--- START ---
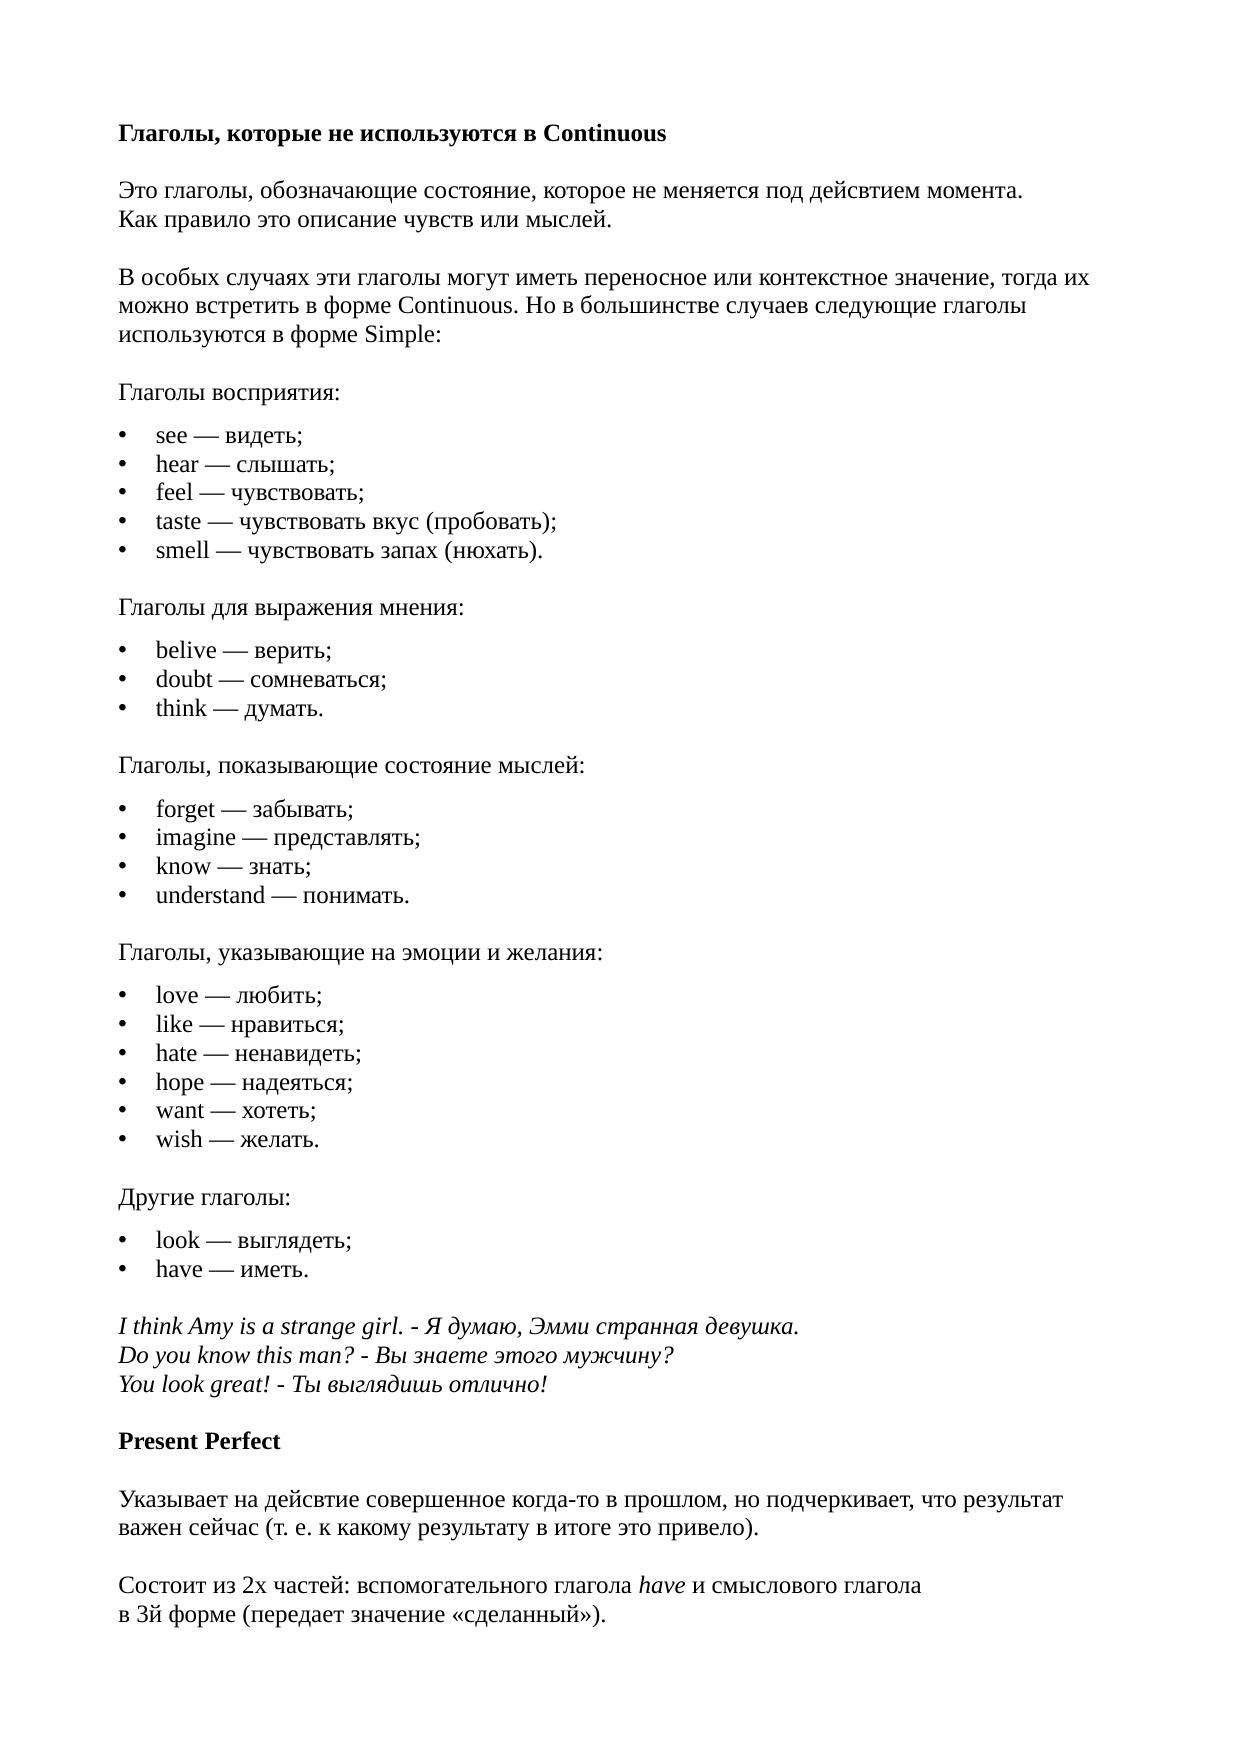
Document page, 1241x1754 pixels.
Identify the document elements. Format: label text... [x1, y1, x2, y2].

text You look great! - Ты выглядишь отлично! [118, 1369, 1122, 1397]
list love — любить; [118, 981, 1122, 1009]
text Глаголы, которые не используются в Continuous [118, 118, 1122, 147]
list imagine — представлять; [118, 822, 1122, 851]
text I think Amy is a strange girl. - Я думаю, Эмми странная девушка. [118, 1311, 1122, 1340]
list think — думать. [118, 693, 1122, 722]
text Глаголы для выражения мнения: [118, 592, 1122, 621]
text В особых случаях эти глаголы могут иметь переносное или контекстное значение, тогда их можно встретить в форме Continuous. Но в большинстве случаев следующие глаголы используются в форме Simple: [118, 262, 1122, 348]
text Это глаголы, обозначающие состояние, которое не меняется под дейсвтием момента. [118, 176, 1122, 204]
text Do you know this man? - Вы знаете этого мужчину? [118, 1340, 1122, 1369]
list know — знать; [118, 851, 1122, 880]
list understand — понимать. [118, 880, 1122, 909]
list belive — верить; [118, 636, 1122, 664]
list hate — ненавидеть; [118, 1038, 1122, 1067]
text Указывает на дейсвтие совершенное когда-то в прошлом, но подчеркивает, что результат важен сейчас (т. е. к какому результату в итоге это привело). [118, 1484, 1122, 1541]
list have — иметь. [118, 1254, 1122, 1282]
text Глаголы, показывающие состояние мыслей: [118, 751, 1122, 779]
text Глаголы восприятия: [118, 377, 1122, 406]
list hear — слышать; [118, 449, 1122, 477]
text Present Perfect [118, 1426, 1122, 1455]
list doubt — сомневаться; [118, 664, 1122, 693]
text Глаголы, указывающие на эмоции и желания: [118, 937, 1122, 966]
text Другие глаголы: [118, 1182, 1122, 1211]
text Состоит из 2х частей: вспомогательного глагола have и смыслового глагола [118, 1570, 1122, 1599]
text в 3й форме (передает значение «сделанный»). [118, 1599, 1122, 1627]
list like — нравиться; [118, 1009, 1122, 1038]
list feel — чувствовать; [118, 477, 1122, 506]
list wish — желать. [118, 1124, 1122, 1153]
list hope — надеяться; [118, 1067, 1122, 1096]
list want — хотеть; [118, 1096, 1122, 1124]
list forget — забывать; [118, 794, 1122, 822]
list taste — чувствовать вкус (пробовать); [118, 506, 1122, 535]
text Как правило это описание чувств или мыслей. [118, 204, 1122, 233]
list look — выглядеть; [118, 1225, 1122, 1254]
list see — видеть; [118, 420, 1122, 449]
list smell — чувствовать запах (нюхать). [118, 535, 1122, 564]
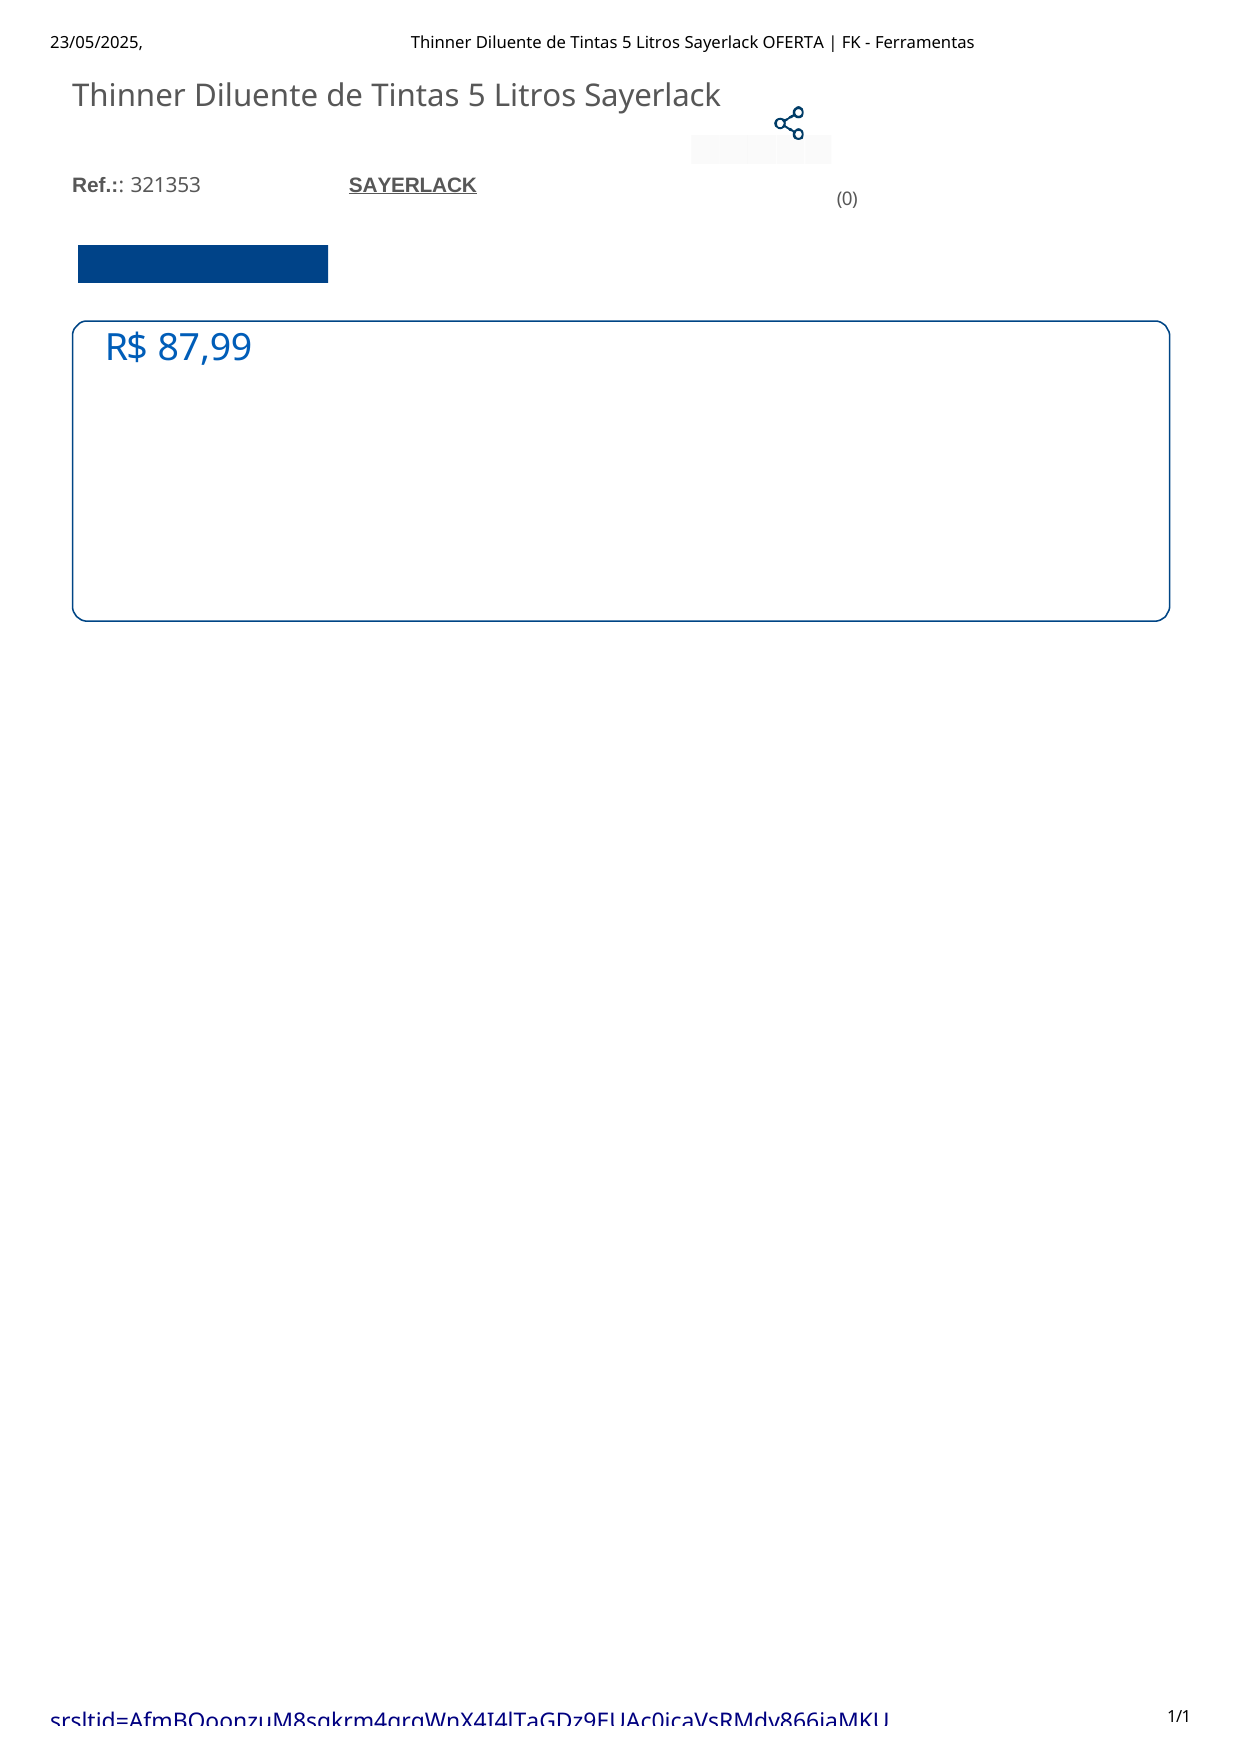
--- END ---
YOUR INSTRUCTIONS:
Word for word, restate the lines from the one containing "list like —" through the end of the listing, and nothing more. Skip the pictures.

OUTPUT BELOW:
list like — нравиться; [118, 1009, 1122, 1038]
list feel — чувствовать; [118, 477, 1122, 506]
list wish — желать. [118, 1124, 1122, 1153]
list hope — надеяться; [118, 1067, 1122, 1096]
list want — хотеть; [118, 1096, 1122, 1124]
list forget — забывать; [118, 794, 1122, 822]
list taste — чувствовать вкус (пробовать); [118, 506, 1122, 535]
text Как правило это описание чувств или мыслей. [118, 204, 1122, 233]
list look — выглядеть; [118, 1225, 1122, 1254]
list see — видеть; [118, 420, 1122, 449]
list smell — чувствовать запах (нюхать). [118, 535, 1122, 564]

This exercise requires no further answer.